Processing The Data
Caveats
[!IMPORTANT] The most important point of note is that two or more BGP feeds taken from the same network can be different, and that is valid.
For a given network, the routes sent to any BGP neighbour will vary based on a wide range of criteria. Two peers of the same network may receive very different routes depending on:
- Their geography
- Their political relationship
- Their commercial relationship
- How much is being paid
- The capabilities of the BGP speakers
- The security / filtering configuration in place
- Any aggregation configuration which is in place
This creates the problem that collecting multiple BGP feeds from each ASN of interest, either directly or by reconstructing it, still provides no guarantees of the data accuracy. This is why the overarching disclaimer must be recognised and understood by the reader of the reports.
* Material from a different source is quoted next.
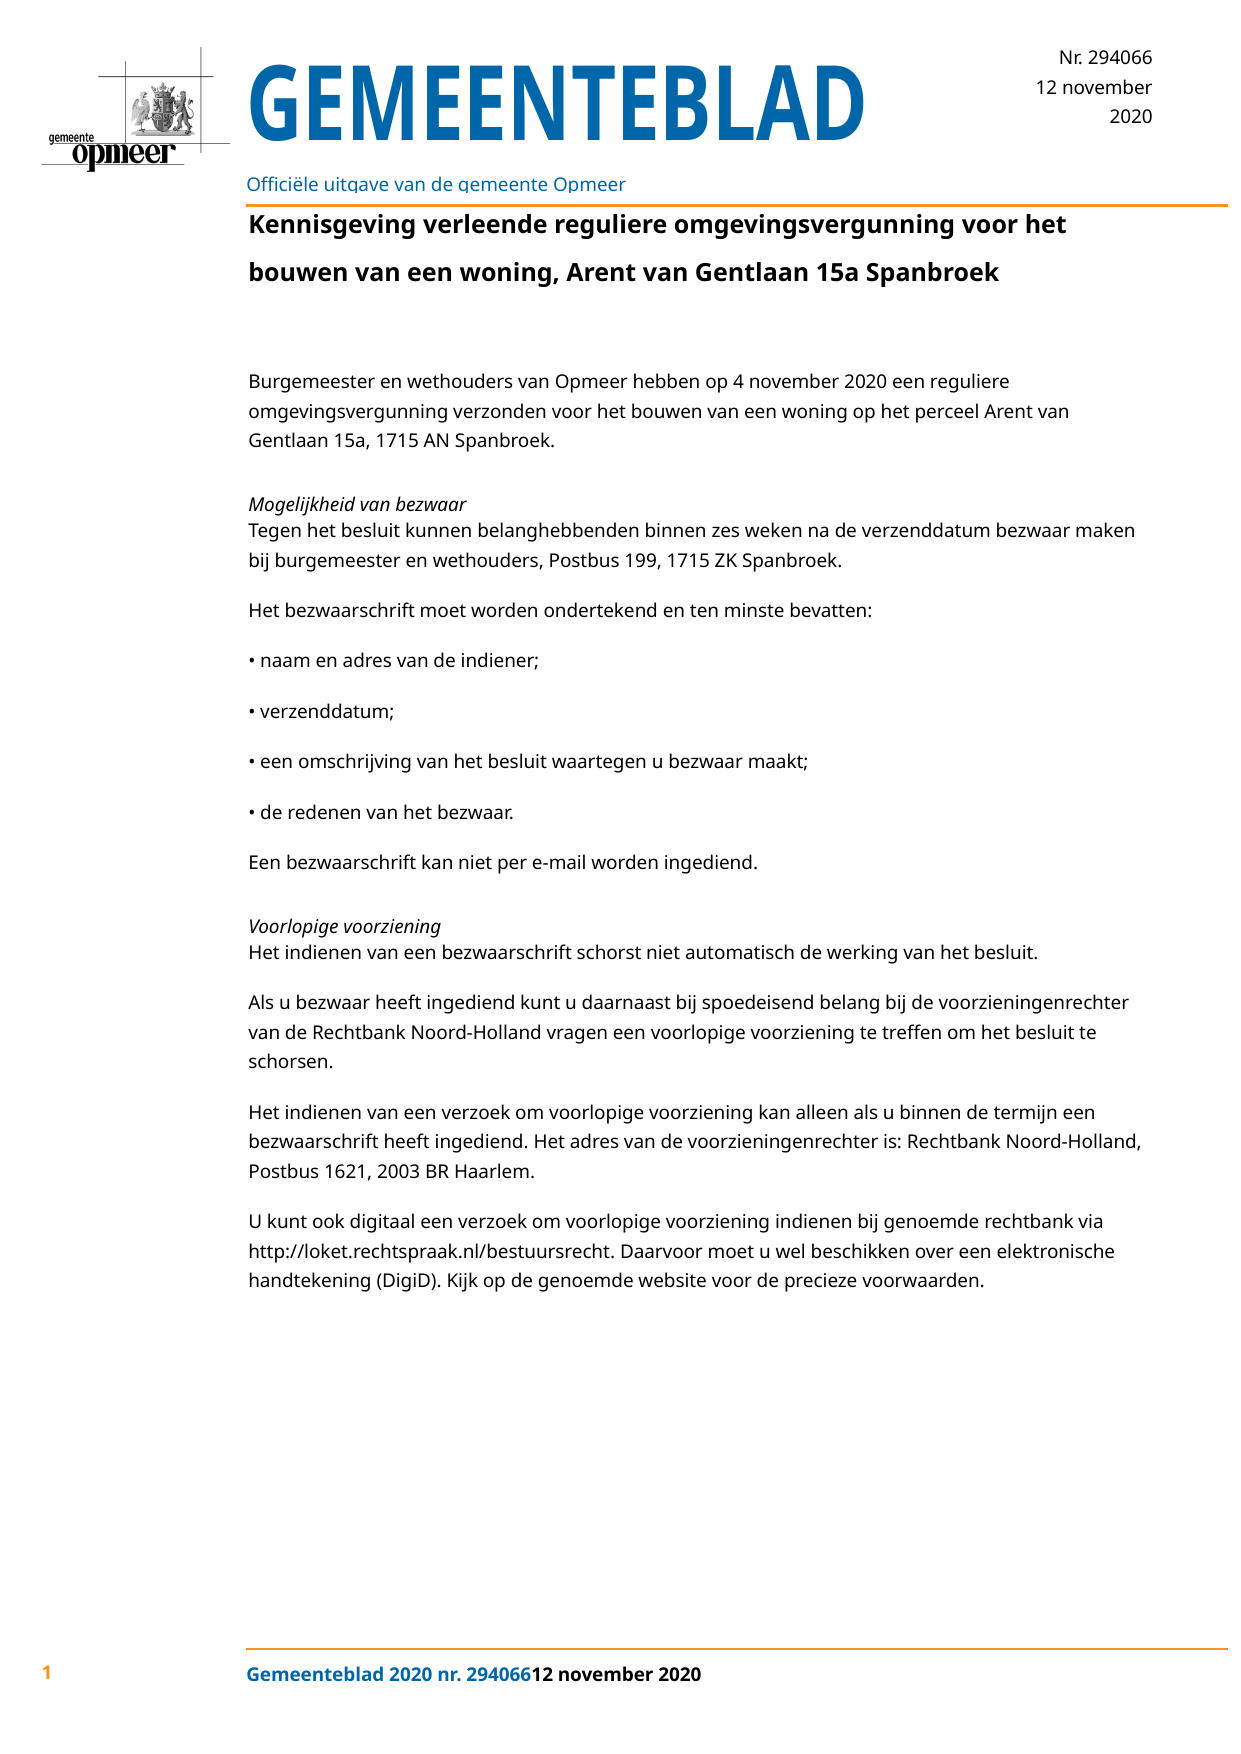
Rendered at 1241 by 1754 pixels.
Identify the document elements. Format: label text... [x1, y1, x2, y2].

Data from approximately 351 public route collectors has been analysed:
- RouteViews:
- Collectors: 42
- Full v4 tables: 297
- Full v6 tables: 273
- RIPE RIS:
- Collectors: 22
- Full v4 tables: 326
- Full v6 tables: 325
- PCH:
- Collectors: 287
- Full v4 tables: 1
- Full v6 tables: 120
Despite this, it was still not possible to reconstruct even one single full table feed for AS1273. Instead I had to reach out to the community and I was provide with a full table feed from 3 different people. If a network advertises exactly the same routes to all BGP peers (which is common for small networks), three BGP feeds is plenty. If a network has high cardinality in it’s routing data (which is common for large networks), three feeds might be nowhere near enough to build a reliable picture of that network.
What Was Analysed
For each ASN of Interest (“AOI”), the BGP data was searched for prefixes where an AOI was found somewhere in the AS path. The AS path is snipped from this point onwards, where the AOI was found. We can assume that what remains is the AOI’s path to the prefix. For example:
AS65000 advertises prefix
192.0.2.0/24with AS path[ 65000 65001 65002 65003 ]and we’re interested in which prefixes and ASNs which AS65002 has visibility of. Then we can insert into the reconstructed table for AS65002, the prefix192.0.2.0/24with the AS path[ 65002 65003 ].
The AS paths have also been deduplicated. The goal is to examine which networks are directly peered with each other, and which networks they have visibility of (even if not directly peered). AS prepends are an artefact of local policy and not important in terms of assessing (potential) physical connectivity. For example:
If the following AS path is seen in the reconstructed table for AS65002:
[ 65002 65003 65003 65003 65004 ], then the AS path in AS65002’s reconstructed table becomes[ 65002 65003 65004 ].
Further to this, even though AS65002 maybe have only seen one prefix 192.0.2.0/24 with a deduped AS path of [ 65002 65003 65004 ], meaning it was originated from AS65004, AS65002 must have connectivity to AS65003. So the list of directly connected ASNs for AS65002 contains AS65003, and the list of all ASNs which AS65002 has visibility of contains AS65003 and AS65004.
Any bogon prefixes and bogon ASNs are removed from the data, as well as prefixes longer then /24 for IPv4 and /48 for IPv6.